CERT-In 6-Hour Incident Reporting: What Indian Companies Must Do
CERT-In's 6-hour cyber incident reporting rule explained — who must comply, which incidents are reportable, 180-day log retention, how to report, penalties, and a practical readiness plan.
When a cyberattack hits an Indian organisation, the clock doesn't start ticking after the investigation — it starts the moment the incident is noticed. Under CERT-In's landmark 2022 directions, you have just six hours to report a broad range of cyber incidents to the national authority. Miss it, and non-compliance becomes a punishable offence under the IT Act.
The Indian Computer Emergency Response Team (CERT-In), operating under the Ministry of Electronics and Information Technology (MeitY), issued these directions under Section 70B(6) of the Information Technology Act, 2000. They apply to virtually every organisation operating in India — not just regulated sectors — and go far beyond reporting: mandatory log retention, clock synchronisation, KYC record-keeping, and a designated point of contact.
This guide explains exactly what the six-hour rule requires, who must comply, which incidents are reportable, the supporting obligations most teams overlook, the penalties for getting it wrong, and — crucially — how to build the detection and response capability that makes a six-hour deadline actually achievable.
- 01 Report listed cyber incidents to CERT-In within 6 hours of noticing them.
- 02 Applies to almost everyone — service providers, intermediaries, data centres, body corporates, and government organisations.
- 03 Beyond reporting: 180-day log retention in India, NTP clock sync to NIC/NPL, and a designated point of contact.

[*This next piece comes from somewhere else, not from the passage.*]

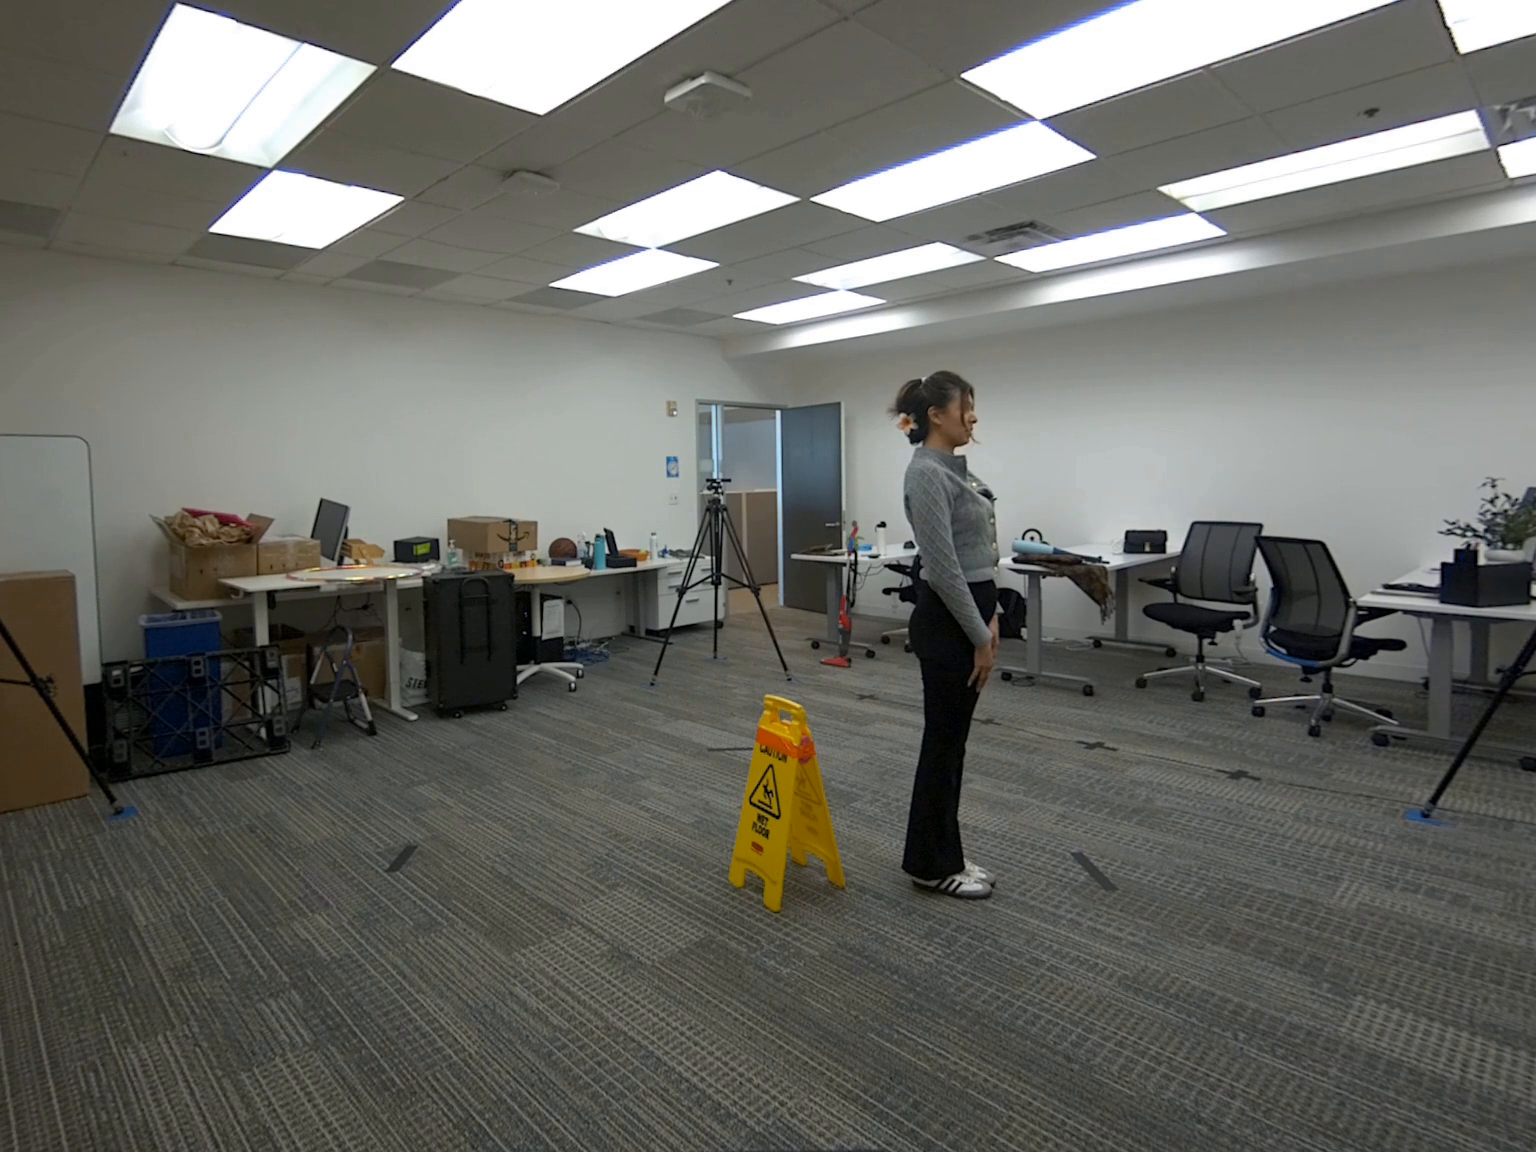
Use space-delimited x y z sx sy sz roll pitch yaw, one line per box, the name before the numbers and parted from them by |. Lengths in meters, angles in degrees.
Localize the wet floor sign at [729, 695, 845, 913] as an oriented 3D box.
wet floor sign | 0.061 0.741 2.920 0.282 0.644 0.290 -4 5 -36

- 04 Data centres, VPS, cloud & VPN providers and virtual-asset businesses must keep KYC & records for 5 years.
- 05 Non-compliance is punishable under Section 70B(7) — the real challenge is detecting incidents fast enough to report in time.
What Are the CERT-In Directions? — The 30-Second Answer
On 28 April 2022, CERT-In issued directions under Section 70B(6) of the IT Act "relating to information security practices, procedure, prevention, response and reporting of cyber incidents." They came into force on 27 June 2022.

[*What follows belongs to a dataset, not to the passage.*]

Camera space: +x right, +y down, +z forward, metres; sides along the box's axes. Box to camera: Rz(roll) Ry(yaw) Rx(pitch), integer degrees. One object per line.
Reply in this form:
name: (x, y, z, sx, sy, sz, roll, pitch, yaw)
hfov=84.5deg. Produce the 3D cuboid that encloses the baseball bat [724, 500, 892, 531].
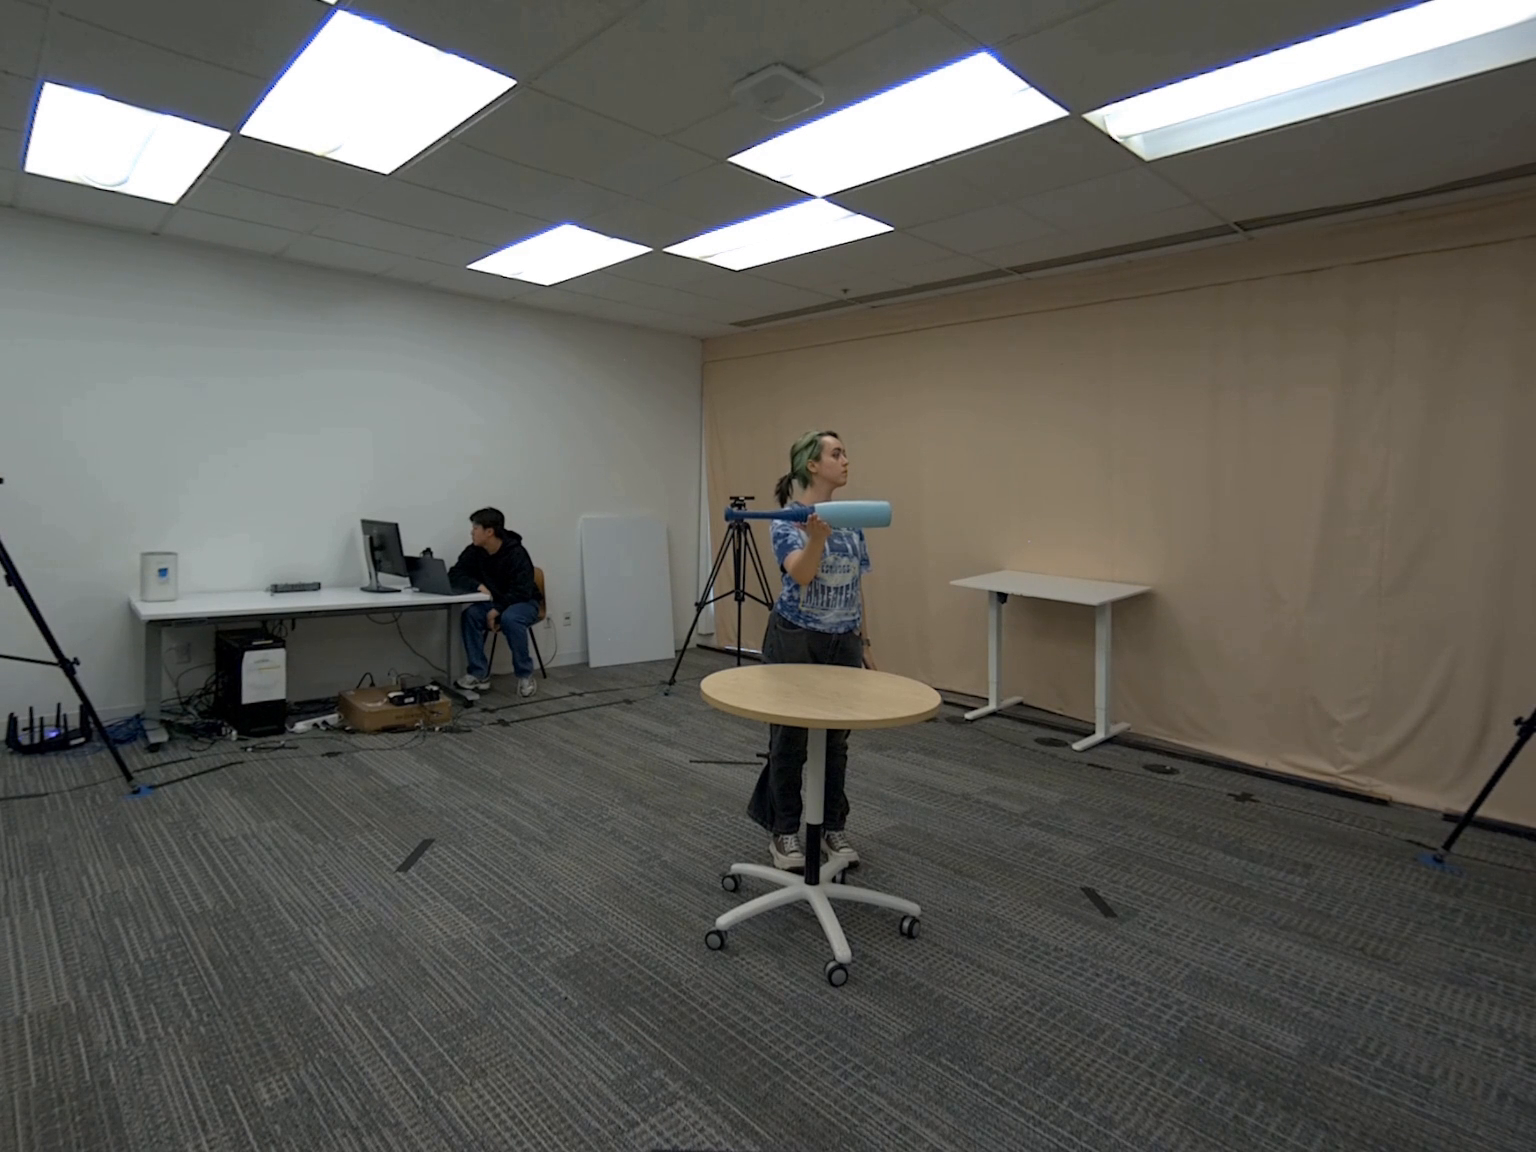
baseball bat: (0.134, -0.198, 2.720, 0.541, 0.089, 0.089, 0, 4, -5)

The headline requirement: mandatorily report a defined list of cyber incidents to CERT-In within 6 hours of noticing them (or being made aware of them).
But the directions also mandate synchronised clocks, 180-day log retention within India, five-year KYC records for certain providers, and a designated point of contact — turning incident reporting into an always-on operational capability, not a one-off form.
Who Must Comply?
The directions are deliberately broad. They apply to "any service provider, intermediary, data centre, body corporate and Government organisation" — which, in practice, means almost every organisation that runs IT systems in India, from startups to enterprises to public bodies.
Some categories carry additional obligations:
The 6-Hour Rule — How It Actually Works
The six-hour window starts when your organisation notices the incident or is brought to notice of it — not when your investigation concludes. That distinction is everything: it means the report is an early warning, not a post-mortem. You are expected to report what you know, then follow up with detail as the picture develops.
The hard part isn't the form — it's the clock. Six hours is trivial if you detect the incident in minutes through active monitoring. It's impossible if the first you hear of it is a customer complaint days later. CERT-In compliance is, in reality, a detection problem — which is why continuous SOC monitoring is the foundation of readiness.
Which Incidents Must Be Reported?
CERT-In's Annexure lists a wide range of mandatorily reportable incident types. The list is broad by design — when in doubt, report. Major categories include:
This is a representative summary. Refer to the current CERT-In directions and their annexure for the complete, authoritative list of reportable incident types.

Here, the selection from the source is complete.